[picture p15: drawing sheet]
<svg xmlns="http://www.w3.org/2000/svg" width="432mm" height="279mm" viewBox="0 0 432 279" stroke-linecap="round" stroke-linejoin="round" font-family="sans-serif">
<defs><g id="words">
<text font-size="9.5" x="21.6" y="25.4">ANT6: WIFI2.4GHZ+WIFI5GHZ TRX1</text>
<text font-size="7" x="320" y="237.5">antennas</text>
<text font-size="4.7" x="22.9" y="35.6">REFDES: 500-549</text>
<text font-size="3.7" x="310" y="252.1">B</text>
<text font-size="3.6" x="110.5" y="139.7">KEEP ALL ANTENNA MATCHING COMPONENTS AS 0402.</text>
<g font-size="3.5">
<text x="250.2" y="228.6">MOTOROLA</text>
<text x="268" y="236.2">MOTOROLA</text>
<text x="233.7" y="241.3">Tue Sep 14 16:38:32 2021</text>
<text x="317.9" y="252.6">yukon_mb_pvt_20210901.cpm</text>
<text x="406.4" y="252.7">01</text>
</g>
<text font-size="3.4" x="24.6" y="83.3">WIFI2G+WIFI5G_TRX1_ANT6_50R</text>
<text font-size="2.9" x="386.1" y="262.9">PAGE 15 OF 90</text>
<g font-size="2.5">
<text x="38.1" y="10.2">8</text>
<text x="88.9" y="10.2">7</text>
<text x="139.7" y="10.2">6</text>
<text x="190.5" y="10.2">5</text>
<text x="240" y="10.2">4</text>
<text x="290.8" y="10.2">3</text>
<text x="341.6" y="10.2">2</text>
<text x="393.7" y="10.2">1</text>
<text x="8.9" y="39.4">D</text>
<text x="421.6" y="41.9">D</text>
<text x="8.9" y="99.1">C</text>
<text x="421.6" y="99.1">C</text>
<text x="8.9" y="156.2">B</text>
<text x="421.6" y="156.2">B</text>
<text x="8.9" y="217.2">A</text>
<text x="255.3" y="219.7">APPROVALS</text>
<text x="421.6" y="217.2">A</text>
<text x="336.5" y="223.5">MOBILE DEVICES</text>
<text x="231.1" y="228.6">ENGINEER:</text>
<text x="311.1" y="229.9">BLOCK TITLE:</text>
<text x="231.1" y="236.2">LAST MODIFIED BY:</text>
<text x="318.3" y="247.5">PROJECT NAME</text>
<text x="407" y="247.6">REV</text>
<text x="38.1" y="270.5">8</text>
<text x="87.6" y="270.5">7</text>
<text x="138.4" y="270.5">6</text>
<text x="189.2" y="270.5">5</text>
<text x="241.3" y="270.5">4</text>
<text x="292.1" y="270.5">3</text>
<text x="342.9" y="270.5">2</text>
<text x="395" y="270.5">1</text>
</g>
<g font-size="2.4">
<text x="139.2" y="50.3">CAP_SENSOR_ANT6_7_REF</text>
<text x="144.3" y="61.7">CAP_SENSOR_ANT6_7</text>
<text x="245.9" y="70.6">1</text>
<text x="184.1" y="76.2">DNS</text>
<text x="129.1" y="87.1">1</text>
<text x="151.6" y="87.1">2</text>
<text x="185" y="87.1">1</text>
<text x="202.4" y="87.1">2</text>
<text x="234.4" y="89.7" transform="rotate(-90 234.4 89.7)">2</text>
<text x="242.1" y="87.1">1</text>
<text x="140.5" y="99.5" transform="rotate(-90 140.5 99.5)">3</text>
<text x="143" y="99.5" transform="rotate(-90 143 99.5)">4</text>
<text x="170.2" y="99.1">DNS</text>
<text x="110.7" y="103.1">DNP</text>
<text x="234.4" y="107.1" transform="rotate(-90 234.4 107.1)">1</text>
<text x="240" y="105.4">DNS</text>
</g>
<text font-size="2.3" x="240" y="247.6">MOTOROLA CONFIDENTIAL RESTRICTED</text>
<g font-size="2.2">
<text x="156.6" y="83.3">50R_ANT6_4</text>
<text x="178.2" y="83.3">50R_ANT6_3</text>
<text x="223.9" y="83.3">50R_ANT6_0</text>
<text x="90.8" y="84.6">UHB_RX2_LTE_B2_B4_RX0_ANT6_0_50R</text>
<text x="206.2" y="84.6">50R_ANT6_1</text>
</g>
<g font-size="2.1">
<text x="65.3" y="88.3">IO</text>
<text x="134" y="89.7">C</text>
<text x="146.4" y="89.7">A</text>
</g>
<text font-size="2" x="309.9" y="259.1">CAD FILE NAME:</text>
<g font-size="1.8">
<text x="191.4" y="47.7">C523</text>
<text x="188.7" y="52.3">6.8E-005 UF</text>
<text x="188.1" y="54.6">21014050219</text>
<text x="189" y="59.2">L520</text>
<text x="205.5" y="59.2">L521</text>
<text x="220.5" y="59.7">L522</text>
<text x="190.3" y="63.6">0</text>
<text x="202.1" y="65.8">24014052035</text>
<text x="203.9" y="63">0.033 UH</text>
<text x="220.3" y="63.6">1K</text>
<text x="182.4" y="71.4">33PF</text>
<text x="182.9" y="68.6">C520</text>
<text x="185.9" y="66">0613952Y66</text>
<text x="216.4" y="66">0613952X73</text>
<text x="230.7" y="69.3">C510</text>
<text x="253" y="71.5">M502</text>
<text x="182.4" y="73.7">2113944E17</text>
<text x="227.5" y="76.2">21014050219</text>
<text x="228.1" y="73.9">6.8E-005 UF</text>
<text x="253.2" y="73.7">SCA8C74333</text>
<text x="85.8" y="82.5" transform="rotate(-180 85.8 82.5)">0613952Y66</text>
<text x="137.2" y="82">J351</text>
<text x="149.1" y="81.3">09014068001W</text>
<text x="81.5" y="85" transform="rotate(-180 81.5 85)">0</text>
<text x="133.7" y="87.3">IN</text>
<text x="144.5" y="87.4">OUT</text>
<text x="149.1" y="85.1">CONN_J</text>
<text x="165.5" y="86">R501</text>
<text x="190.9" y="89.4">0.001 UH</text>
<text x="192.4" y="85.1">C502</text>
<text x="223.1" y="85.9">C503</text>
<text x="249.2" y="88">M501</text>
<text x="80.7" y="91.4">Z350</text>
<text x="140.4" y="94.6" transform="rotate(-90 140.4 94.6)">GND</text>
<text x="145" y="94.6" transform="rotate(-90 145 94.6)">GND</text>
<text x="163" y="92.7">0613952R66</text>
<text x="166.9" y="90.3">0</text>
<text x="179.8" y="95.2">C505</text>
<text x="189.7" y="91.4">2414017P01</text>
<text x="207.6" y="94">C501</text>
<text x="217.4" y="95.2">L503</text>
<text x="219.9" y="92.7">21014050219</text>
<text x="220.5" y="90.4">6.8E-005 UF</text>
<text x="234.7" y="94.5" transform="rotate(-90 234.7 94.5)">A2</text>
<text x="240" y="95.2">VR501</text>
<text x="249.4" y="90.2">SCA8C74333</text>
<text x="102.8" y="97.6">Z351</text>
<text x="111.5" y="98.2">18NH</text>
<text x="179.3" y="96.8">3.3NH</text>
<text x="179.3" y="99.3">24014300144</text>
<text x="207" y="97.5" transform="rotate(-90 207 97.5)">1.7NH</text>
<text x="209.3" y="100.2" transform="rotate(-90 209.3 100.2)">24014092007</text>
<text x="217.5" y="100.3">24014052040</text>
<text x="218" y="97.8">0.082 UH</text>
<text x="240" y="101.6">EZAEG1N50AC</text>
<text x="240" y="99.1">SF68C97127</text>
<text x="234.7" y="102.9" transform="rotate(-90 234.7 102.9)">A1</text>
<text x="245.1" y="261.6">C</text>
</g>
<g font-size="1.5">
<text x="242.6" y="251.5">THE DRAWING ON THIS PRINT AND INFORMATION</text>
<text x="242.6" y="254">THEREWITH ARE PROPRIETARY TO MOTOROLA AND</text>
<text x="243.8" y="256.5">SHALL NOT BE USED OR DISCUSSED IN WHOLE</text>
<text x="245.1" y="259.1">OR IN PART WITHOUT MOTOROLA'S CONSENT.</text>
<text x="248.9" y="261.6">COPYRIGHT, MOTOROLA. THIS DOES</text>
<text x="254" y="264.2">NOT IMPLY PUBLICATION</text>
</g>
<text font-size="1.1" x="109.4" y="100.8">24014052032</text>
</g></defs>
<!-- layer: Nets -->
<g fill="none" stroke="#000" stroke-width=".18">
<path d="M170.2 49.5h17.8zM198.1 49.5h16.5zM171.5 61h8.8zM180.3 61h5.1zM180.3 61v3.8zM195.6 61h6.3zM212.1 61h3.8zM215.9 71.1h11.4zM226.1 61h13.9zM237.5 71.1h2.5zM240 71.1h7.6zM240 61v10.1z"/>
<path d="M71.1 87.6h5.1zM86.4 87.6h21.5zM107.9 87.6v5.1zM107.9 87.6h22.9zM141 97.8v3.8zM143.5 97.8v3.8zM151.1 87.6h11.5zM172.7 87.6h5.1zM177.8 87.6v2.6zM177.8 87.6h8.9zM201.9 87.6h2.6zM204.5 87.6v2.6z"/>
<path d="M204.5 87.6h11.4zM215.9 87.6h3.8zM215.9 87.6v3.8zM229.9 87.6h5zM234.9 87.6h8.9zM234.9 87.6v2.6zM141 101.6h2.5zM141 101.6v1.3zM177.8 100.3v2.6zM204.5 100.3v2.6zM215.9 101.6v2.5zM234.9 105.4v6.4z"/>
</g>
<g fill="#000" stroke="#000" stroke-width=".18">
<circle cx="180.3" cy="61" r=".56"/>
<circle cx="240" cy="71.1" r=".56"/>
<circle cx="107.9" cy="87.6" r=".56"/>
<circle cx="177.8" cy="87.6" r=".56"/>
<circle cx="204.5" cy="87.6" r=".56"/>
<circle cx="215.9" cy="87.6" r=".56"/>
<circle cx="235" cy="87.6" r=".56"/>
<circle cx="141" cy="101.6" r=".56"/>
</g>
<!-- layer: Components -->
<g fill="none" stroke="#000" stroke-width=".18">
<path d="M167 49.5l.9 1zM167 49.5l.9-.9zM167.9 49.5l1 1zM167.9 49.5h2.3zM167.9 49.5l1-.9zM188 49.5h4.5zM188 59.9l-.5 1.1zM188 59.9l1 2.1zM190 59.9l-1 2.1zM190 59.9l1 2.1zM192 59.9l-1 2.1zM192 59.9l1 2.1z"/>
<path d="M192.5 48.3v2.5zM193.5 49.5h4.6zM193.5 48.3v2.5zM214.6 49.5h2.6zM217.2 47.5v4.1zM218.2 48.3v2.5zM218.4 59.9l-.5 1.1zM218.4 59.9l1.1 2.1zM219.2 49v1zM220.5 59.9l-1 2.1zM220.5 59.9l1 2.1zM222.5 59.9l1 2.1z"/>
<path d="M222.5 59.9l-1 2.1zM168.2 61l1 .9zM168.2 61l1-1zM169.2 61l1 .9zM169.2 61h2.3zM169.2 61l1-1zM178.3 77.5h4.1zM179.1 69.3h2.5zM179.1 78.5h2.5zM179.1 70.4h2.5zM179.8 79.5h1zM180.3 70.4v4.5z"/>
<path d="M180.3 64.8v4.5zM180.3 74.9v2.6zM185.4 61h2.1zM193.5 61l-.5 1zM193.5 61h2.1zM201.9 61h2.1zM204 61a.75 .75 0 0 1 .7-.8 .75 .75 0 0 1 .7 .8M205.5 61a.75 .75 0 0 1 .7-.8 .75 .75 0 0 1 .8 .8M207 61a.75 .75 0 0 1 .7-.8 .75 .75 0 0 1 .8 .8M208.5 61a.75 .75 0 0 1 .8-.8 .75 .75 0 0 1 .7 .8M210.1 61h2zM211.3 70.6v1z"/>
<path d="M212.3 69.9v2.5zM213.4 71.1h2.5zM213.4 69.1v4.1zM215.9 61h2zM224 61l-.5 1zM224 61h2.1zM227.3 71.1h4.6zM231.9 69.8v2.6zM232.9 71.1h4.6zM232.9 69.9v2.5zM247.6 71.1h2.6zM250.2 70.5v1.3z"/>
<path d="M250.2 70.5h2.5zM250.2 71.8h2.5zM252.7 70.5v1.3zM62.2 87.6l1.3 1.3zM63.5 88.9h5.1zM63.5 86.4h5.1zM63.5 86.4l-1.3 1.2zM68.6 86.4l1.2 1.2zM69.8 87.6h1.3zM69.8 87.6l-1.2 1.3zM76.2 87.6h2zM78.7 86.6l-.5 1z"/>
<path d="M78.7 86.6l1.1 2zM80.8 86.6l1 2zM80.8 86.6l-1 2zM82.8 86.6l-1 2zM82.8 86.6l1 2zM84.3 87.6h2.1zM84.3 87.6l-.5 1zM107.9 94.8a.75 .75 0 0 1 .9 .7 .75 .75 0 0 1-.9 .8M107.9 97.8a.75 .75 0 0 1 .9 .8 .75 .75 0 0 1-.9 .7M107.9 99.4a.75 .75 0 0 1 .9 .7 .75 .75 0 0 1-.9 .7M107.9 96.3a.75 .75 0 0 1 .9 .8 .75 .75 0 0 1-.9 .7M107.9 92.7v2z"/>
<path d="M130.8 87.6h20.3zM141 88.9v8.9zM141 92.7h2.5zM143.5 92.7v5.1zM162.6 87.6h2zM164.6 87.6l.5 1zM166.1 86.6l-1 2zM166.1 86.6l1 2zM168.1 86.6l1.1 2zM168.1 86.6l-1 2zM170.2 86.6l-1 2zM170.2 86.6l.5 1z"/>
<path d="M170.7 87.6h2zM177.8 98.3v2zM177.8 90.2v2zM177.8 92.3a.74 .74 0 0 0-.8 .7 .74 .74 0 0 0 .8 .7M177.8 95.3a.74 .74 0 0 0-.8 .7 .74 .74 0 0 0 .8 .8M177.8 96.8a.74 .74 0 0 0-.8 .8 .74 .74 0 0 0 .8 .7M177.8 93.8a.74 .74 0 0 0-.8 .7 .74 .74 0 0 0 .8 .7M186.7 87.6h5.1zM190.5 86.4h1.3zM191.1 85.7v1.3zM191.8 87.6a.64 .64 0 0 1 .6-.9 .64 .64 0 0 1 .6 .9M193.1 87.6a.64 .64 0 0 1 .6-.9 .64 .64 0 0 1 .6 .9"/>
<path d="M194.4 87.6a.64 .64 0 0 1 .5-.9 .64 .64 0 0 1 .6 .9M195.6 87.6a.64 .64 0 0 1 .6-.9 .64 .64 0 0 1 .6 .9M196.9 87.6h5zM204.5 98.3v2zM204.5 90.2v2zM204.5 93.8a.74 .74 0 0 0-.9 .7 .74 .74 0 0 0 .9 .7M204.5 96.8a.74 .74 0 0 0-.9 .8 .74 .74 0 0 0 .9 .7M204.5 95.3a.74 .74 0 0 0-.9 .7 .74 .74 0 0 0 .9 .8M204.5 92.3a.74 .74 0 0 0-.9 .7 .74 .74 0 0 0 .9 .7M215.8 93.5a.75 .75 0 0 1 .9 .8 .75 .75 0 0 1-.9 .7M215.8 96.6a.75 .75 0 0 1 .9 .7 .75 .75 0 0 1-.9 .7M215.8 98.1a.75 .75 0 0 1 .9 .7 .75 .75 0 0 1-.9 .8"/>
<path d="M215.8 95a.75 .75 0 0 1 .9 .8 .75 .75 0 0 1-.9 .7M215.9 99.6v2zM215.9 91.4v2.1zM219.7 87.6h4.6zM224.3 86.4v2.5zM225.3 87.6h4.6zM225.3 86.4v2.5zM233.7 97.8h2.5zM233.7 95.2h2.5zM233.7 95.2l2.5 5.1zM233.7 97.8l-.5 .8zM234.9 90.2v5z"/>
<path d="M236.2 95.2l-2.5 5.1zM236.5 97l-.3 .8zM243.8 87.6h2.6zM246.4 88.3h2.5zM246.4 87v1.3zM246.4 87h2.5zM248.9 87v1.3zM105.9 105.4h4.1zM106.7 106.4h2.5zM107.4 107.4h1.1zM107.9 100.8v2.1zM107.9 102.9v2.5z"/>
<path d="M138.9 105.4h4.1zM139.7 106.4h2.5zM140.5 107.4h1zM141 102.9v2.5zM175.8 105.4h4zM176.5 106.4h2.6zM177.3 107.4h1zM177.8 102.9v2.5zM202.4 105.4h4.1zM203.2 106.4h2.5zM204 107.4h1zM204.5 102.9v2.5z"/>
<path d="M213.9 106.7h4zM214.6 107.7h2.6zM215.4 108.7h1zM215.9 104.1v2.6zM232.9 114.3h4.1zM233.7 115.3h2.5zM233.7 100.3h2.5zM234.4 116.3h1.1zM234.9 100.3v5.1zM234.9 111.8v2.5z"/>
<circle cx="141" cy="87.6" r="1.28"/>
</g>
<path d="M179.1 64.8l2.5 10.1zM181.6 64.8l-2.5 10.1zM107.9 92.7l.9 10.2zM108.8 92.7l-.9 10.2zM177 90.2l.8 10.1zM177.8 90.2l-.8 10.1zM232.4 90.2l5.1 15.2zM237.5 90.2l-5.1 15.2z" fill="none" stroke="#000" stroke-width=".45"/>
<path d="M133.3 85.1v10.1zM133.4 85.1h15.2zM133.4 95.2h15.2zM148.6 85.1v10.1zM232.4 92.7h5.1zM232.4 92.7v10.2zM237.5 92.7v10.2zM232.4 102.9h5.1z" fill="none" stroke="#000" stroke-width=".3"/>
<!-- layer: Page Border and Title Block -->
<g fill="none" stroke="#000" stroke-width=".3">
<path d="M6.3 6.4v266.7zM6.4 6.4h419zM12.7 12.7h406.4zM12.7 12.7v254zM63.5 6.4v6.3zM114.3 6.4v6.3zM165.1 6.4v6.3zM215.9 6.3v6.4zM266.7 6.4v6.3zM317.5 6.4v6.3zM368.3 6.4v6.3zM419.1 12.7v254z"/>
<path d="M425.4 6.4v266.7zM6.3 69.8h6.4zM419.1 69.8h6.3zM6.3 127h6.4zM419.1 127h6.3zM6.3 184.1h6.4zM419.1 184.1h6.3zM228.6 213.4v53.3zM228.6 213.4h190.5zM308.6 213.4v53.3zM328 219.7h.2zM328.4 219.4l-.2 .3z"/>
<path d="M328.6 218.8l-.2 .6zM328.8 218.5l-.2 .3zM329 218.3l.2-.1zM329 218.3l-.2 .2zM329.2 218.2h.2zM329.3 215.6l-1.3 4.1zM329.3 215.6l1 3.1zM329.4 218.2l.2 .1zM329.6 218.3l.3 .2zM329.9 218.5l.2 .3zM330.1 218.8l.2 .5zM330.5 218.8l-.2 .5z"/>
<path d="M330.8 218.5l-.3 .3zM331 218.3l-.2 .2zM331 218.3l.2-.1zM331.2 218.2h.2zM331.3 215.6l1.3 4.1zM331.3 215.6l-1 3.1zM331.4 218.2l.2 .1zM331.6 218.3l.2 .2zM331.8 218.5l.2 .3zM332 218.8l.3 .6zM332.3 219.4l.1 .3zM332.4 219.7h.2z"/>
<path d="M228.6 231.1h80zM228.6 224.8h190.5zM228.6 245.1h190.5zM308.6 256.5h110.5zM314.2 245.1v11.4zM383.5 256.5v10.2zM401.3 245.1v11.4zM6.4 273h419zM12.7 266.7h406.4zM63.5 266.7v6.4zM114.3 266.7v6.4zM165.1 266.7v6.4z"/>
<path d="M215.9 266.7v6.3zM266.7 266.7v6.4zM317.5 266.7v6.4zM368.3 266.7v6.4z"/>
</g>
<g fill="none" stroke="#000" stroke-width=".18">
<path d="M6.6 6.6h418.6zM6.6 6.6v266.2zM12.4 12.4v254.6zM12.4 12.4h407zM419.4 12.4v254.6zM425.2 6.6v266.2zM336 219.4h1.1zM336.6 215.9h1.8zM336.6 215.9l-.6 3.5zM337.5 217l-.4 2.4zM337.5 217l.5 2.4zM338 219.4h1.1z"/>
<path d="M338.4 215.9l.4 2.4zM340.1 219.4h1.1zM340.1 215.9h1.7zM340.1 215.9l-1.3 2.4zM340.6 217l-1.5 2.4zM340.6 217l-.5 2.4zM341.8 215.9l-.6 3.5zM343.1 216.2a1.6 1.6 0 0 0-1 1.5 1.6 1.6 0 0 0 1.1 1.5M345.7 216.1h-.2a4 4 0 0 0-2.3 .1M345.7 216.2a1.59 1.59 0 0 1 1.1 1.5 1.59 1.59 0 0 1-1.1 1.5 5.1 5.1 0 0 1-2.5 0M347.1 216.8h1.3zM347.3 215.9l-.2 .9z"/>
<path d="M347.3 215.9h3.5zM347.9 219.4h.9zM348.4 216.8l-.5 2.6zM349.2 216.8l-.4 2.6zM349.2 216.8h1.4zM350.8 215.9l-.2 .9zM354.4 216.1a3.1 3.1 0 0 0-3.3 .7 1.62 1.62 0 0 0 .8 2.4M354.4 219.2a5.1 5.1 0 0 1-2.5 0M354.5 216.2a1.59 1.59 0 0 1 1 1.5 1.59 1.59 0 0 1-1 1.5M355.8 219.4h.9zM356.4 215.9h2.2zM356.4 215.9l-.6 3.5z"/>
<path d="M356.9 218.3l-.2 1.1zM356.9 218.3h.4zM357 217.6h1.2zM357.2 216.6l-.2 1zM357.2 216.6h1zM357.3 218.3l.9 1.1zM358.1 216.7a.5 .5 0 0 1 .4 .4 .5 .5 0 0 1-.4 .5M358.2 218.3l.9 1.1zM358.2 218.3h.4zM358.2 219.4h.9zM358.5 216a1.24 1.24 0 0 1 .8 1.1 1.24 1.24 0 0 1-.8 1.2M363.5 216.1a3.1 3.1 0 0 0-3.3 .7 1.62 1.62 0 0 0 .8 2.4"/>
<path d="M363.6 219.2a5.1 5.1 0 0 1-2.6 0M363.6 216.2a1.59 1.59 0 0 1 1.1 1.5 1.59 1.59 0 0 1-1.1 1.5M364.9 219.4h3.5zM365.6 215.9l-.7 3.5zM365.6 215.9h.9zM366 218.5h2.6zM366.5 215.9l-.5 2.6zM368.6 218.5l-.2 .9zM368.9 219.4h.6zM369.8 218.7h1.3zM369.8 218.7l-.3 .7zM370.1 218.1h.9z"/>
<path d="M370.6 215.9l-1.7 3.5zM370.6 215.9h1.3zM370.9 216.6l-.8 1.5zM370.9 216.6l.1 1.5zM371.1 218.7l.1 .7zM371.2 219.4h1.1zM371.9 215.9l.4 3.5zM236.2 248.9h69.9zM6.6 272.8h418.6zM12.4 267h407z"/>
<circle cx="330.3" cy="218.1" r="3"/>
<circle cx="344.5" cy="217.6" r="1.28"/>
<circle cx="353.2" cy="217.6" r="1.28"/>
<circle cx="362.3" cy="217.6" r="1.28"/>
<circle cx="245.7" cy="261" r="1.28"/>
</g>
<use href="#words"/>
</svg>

Task item: Check the records above and copy each line that has the string "layer".

Expected answer:
<!-- layer: Nets -->
<!-- layer: Components -->
<!-- layer: Page Border and Title Block -->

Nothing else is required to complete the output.